> Task instructions
For this listing, the lines between the one holding "object name: print" and the one holding "tags: women,christ,virgin mary", inclusive, must be set down exactly.

---------- Given records

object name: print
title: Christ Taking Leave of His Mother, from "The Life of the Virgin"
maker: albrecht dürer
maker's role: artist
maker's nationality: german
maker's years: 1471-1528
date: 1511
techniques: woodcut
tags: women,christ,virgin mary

--------------------
---------- Given records

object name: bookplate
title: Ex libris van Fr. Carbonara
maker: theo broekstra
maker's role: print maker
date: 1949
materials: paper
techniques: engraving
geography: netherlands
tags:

--------------------
---------- Given records

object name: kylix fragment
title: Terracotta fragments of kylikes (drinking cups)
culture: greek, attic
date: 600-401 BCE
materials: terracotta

--------------------

> Worked solution
object name: print
title: Christ Taking Leave of His Mother, from "The Life of the Virgin"
maker: albrecht dürer
maker's role: artist
maker's nationality: german
maker's years: 1471-1528
date: 1511
techniques: woodcut
tags: women,christ,virgin mary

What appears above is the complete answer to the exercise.